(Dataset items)
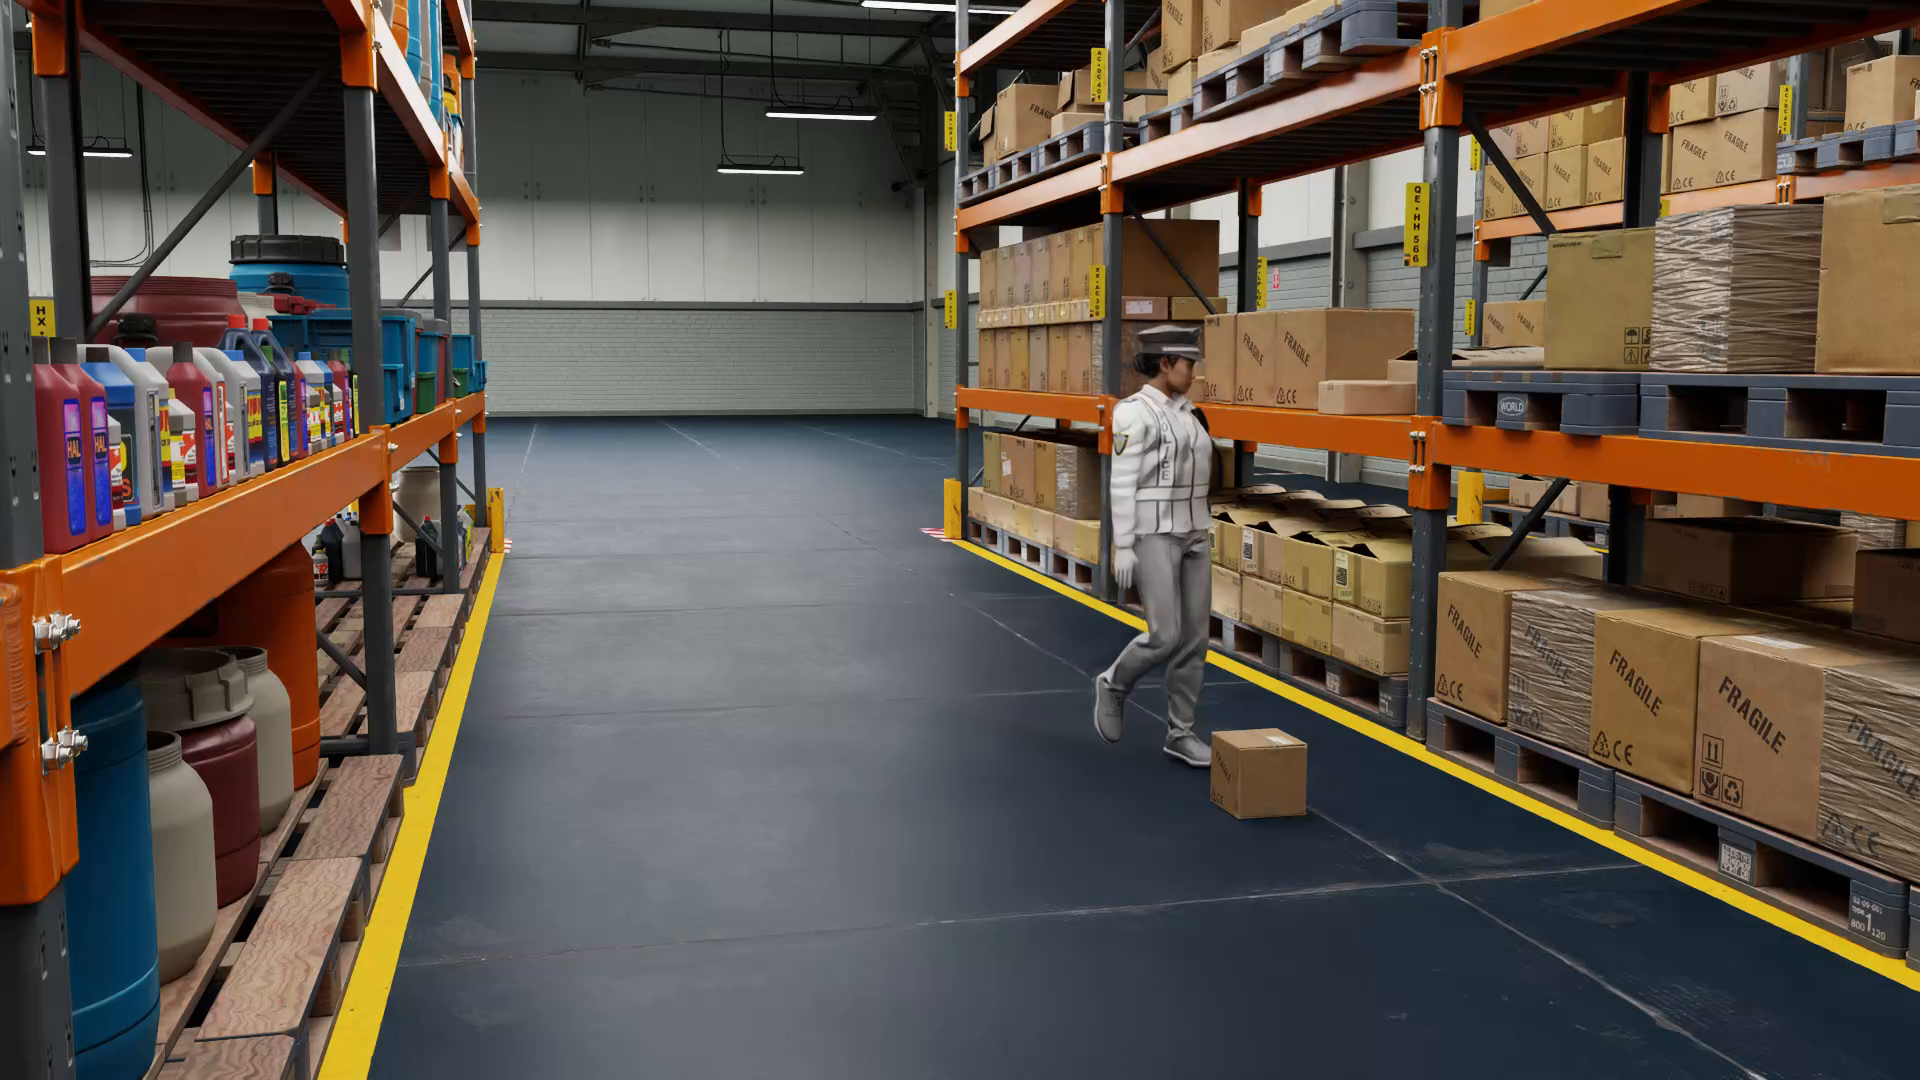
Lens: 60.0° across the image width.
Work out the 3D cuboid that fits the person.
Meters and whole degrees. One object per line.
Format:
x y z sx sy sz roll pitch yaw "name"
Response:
0.775 0.019 6.326 0.500 1.663 0.517 -6 8 -42 "person"
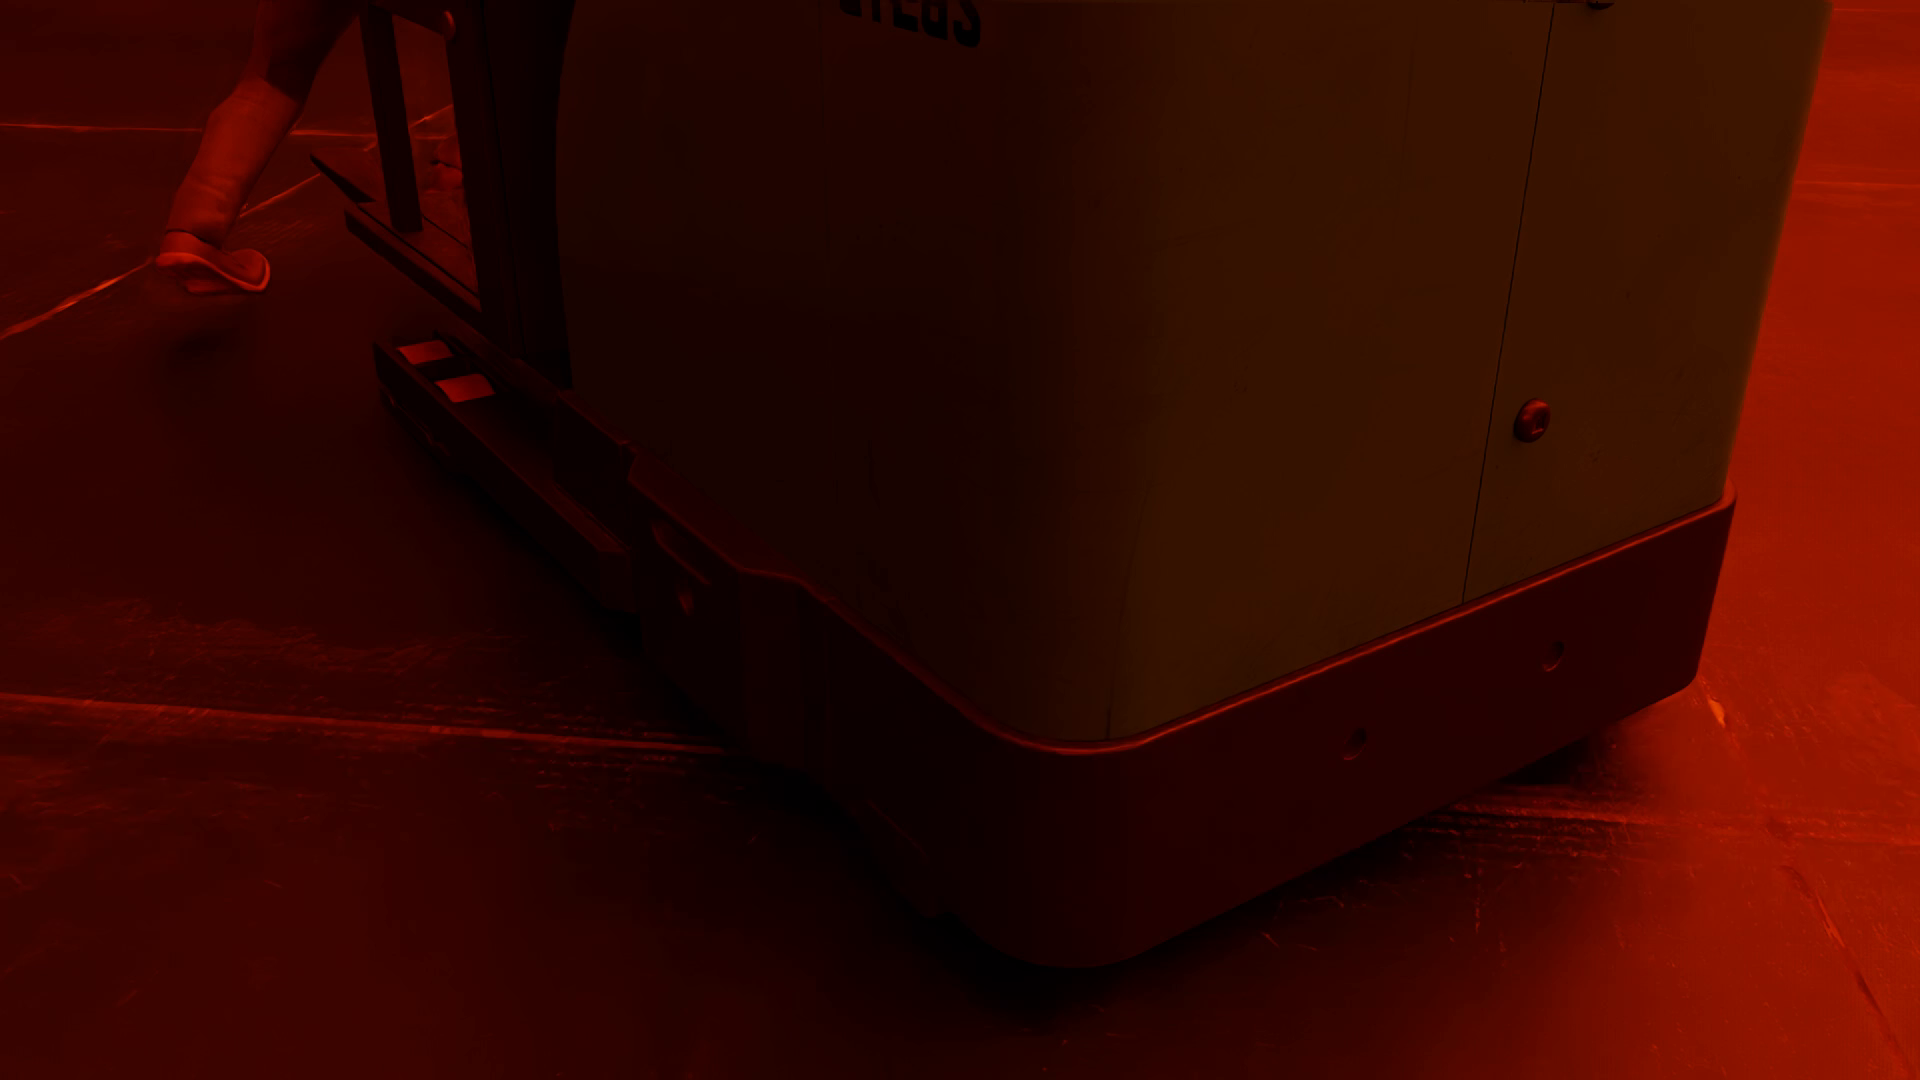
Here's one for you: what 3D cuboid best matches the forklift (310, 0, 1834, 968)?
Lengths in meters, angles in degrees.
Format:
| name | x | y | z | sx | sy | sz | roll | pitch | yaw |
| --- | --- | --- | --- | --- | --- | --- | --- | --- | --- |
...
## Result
| name | x | y | z | sx | sy | sz | roll | pitch | yaw |
| --- | --- | --- | --- | --- | --- | --- | --- | --- | --- |
| forklift | -0.341 | -1.521 | 2.266 | 1.130 | 2.935 | 3.031 | -17 | 31 | -30 |

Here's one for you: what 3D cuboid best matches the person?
| name | x | y | z | sx | sy | sz | roll | pitch | yaw |
| --- | --- | --- | --- | --- | --- | --- | --- | --- | --- |
| person | -1.013 | -1.166 | 3.156 | 0.993 | 1.384 | 0.751 | 4 | 27 | 9 |

> _What to produce_:
Copy the records above precisely, and leave every image out of the copy.

> _Exercise result_:
Lens: 60.0° across the image width.
Work out the 3D cuboid that fits the person.
Meters and whole degrees. One object per line.
Format:
x y z sx sy sz roll pitch yaw "name"
Response:
0.775 0.019 6.326 0.500 1.663 0.517 -6 8 -42 "person"
Here's one for you: what 3D cuboid best matches the forklift (310, 0, 1834, 968)?
Lengths in meters, angles in degrees.
Format:
| name | x | y | z | sx | sy | sz | roll | pitch | yaw |
| --- | --- | --- | --- | --- | --- | --- | --- | --- | --- |
...
## Result
| name | x | y | z | sx | sy | sz | roll | pitch | yaw |
| --- | --- | --- | --- | --- | --- | --- | --- | --- | --- |
| forklift | -0.341 | -1.521 | 2.266 | 1.130 | 2.935 | 3.031 | -17 | 31 | -30 |

Here's one for you: what 3D cuboid best matches the person?
| name | x | y | z | sx | sy | sz | roll | pitch | yaw |
| --- | --- | --- | --- | --- | --- | --- | --- | --- | --- |
| person | -1.013 | -1.166 | 3.156 | 0.993 | 1.384 | 0.751 | 4 | 27 | 9 |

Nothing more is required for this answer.